What is Big Data?
If you try to get information from web, there are tons of information about the meaning of ‘big data’… so it’s possible to presume that it’s subjective term. Most sources would consider that big data is, at least, a set of terabytes. But it’s possible to see people using smaller chunks of data. So? “One reasonable definition is that it’s data which can’t comfortably be processed on a single machine” – Ian Wrigley. I would say that Big Data is a set of data and it is one concept (hype) and method to handle a large volume of data, volatile (or not), with faster processing speed.
What is a Big Data challenge?
A potential challenge is that it is created very fast and it comes from different sources which could come in most different formats. Most data is worthless but actually have a lot of value. How to handle this and how to transform worthless data to worth information?
The 3 V’s of Big Data:
If you are looking for big data concepts, you’ll often hear about the three defining properties called 3V’s.
Volume: size of data that you’re dealing with;
Variety: the data is often coming from lots of different sources and from many different formats (txt, mp3 …);
Velocity: speed at the data arrives; get ready to be processed; to be generated and to be available.

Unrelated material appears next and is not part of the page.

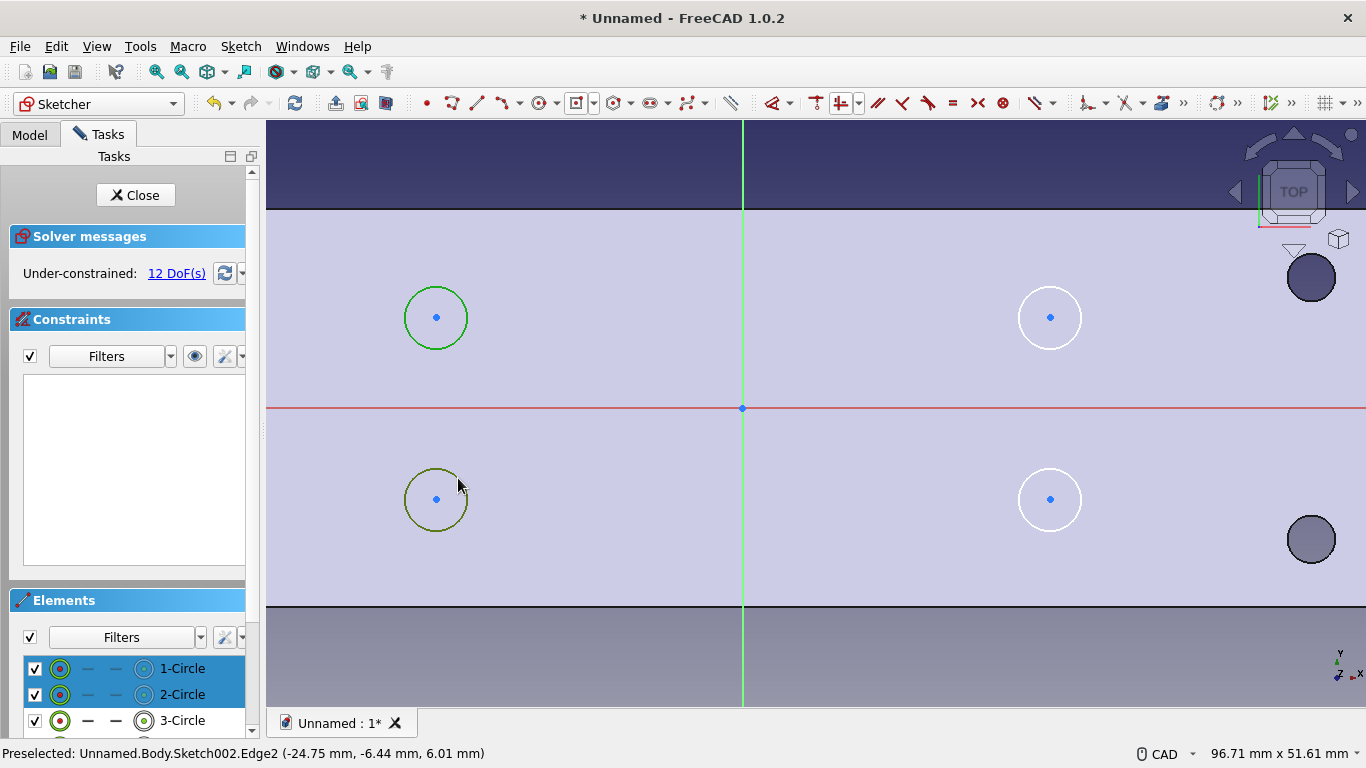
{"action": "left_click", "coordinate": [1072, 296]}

There are plenty of things we can do with ‘big data’. It can provide benefits for individual people: good recommendations by amazon/NetFlix/…, for community: hospital monitoring, for organizations: creating innovative products, society: energy consumption, disaster recovery, urban planning. But basically, for me, it is about how to transform worthless data to worth information.
My idea here was just highlights of Big Data’s concepts based on my studies. If you want more detail behind Big Data I’d recommend the book Big Data: A Revolution That Will Transform How We Live, Work, and Think.
Next step: choose a small set of technologies to put in practice.
Just a mental note: what is the relationship between text mining and big data?